> Extracted information:

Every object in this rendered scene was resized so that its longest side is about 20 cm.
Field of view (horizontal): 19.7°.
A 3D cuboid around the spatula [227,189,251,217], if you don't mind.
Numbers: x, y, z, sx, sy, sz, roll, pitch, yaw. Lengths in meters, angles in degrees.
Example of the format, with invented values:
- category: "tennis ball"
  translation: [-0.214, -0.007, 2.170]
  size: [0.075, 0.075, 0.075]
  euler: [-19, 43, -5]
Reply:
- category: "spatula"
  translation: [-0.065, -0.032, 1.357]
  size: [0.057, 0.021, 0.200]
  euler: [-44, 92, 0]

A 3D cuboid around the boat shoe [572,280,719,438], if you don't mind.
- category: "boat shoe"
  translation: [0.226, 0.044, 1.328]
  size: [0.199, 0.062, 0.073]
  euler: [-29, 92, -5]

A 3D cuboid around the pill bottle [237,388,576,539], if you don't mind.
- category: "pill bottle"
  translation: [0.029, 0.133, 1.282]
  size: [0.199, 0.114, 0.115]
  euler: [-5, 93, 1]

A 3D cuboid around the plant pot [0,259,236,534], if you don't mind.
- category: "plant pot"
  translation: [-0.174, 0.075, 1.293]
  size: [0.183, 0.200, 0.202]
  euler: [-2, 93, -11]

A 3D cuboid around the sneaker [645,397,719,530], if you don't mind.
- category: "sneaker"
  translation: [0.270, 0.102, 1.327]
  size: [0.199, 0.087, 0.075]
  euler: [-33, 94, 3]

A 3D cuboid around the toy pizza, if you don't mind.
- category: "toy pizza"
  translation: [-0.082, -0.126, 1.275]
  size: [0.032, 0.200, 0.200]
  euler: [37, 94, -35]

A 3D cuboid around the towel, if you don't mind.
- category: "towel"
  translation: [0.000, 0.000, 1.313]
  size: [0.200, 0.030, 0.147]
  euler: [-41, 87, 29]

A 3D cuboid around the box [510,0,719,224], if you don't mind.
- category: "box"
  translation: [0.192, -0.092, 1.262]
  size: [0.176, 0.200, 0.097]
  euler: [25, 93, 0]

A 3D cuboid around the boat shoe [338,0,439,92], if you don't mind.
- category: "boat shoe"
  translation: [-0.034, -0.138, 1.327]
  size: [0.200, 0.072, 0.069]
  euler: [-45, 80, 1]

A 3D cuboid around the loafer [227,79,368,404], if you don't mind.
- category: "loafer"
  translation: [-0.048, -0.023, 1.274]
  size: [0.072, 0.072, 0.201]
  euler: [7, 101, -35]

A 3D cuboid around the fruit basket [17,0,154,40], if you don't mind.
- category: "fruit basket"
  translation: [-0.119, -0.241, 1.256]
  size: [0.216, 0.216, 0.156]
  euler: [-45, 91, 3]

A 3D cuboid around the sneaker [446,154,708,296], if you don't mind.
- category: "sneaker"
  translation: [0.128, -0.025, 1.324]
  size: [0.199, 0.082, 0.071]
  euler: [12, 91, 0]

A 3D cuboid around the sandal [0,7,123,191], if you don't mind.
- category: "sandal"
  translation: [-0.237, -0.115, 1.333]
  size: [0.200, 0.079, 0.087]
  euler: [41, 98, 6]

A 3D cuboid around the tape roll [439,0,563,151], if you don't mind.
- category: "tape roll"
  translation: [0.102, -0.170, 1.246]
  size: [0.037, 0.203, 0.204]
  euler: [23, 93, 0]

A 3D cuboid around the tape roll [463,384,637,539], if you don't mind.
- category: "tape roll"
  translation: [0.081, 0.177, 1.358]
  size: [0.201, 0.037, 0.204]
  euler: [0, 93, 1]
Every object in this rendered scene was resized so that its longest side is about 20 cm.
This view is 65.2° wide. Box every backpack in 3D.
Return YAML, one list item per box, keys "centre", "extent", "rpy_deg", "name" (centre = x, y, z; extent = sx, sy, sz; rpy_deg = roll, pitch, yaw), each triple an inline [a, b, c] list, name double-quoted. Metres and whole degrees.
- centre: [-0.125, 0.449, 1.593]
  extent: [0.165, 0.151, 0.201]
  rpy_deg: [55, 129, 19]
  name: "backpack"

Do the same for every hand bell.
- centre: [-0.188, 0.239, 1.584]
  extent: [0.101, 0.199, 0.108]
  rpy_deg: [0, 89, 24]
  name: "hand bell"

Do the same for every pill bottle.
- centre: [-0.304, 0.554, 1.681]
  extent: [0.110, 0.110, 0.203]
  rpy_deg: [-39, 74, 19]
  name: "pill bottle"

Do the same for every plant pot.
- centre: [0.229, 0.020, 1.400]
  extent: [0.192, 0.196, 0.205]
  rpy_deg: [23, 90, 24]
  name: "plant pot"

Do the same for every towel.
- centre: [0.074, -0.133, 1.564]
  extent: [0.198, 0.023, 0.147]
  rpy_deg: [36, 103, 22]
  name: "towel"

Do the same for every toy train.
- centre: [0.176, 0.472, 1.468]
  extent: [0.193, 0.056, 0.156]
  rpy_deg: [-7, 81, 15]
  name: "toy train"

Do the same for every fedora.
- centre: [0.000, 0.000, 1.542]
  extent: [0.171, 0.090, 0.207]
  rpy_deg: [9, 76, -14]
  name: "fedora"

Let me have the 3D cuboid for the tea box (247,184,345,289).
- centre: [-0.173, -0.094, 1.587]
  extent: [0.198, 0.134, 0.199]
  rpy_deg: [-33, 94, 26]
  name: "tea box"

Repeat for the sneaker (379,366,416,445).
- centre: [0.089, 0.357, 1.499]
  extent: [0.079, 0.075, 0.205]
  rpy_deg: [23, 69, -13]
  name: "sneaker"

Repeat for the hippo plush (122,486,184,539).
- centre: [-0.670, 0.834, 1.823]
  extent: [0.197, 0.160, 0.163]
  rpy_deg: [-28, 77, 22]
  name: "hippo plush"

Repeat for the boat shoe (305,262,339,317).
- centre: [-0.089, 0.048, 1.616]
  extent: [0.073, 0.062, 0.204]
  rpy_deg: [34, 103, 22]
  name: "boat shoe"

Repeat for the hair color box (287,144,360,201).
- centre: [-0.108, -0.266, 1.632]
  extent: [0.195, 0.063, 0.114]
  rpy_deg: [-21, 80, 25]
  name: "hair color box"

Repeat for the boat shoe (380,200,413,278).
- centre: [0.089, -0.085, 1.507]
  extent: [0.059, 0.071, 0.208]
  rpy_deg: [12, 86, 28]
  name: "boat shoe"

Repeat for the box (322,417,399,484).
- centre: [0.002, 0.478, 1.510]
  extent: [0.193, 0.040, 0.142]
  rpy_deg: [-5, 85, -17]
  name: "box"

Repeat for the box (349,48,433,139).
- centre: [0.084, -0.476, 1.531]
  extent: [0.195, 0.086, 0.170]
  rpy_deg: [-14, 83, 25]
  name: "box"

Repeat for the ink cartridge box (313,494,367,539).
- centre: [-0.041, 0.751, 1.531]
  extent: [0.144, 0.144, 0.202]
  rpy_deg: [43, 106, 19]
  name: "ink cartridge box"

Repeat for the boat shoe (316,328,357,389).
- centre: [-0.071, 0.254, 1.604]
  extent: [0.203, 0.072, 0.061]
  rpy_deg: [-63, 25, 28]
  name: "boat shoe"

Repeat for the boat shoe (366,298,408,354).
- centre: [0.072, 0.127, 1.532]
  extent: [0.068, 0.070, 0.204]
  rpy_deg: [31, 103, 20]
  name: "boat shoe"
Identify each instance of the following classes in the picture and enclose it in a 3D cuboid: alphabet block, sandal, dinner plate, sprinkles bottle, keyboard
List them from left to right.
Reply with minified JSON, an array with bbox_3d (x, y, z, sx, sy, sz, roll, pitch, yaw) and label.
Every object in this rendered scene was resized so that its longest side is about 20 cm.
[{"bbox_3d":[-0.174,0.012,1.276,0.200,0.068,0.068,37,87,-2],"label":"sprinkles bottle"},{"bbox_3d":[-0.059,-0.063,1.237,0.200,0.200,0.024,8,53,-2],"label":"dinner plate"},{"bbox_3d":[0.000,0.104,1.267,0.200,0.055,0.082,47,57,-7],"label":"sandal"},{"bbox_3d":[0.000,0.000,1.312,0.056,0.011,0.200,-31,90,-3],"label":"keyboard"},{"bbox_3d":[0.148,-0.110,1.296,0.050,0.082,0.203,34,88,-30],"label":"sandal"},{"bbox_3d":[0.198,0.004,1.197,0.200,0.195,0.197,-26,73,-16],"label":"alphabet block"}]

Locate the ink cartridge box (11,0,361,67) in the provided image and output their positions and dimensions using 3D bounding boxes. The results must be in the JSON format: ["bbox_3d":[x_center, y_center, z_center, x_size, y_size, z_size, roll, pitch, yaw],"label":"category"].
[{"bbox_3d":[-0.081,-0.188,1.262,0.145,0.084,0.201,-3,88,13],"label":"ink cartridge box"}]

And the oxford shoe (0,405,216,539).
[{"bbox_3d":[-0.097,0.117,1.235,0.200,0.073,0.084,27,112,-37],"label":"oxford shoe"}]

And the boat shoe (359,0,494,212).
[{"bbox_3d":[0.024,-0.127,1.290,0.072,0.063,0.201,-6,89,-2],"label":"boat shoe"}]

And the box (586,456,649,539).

> Exercise objective:
Find the word "with" in the material, then list each line that holds it.

> Expected answer:
Example of the format, with invented values:
Reply with minified JSON, an array with bbox_3d (x, y, z, sx, sy, sz, roll, pitch, yaw) and label.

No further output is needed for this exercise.